Items from a dataset:

-- Opening Marker --

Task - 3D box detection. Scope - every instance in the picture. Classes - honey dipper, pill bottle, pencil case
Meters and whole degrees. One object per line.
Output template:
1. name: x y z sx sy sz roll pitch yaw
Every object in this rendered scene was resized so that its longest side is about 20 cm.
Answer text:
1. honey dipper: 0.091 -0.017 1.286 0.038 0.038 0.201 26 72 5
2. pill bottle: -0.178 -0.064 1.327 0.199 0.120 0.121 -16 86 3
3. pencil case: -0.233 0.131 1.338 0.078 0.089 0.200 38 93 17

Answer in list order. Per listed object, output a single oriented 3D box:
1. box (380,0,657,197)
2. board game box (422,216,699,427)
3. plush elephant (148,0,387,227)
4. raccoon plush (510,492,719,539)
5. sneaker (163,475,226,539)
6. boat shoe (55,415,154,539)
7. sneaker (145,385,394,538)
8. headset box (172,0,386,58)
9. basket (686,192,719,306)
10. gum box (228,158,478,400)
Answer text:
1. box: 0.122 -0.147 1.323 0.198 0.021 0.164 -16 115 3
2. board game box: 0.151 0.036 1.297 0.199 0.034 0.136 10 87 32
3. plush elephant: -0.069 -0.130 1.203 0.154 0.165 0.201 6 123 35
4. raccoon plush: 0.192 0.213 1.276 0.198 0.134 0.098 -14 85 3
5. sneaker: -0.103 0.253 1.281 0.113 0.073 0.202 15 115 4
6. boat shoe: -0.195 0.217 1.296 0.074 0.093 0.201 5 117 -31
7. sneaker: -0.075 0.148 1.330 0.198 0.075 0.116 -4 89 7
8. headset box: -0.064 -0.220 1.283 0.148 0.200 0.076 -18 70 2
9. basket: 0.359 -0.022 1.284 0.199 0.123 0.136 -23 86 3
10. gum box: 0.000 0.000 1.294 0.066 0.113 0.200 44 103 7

-- Closing Marker --

Directions:
From the entries, copy every line in which the word "object" occurs.

Reply:
Meters and whole degrees. One object per line.
Every object in this rendered scene was resized so that its longest side is about 20 cm.
Answer in list order. Per listed object, output a single oriented 3D box:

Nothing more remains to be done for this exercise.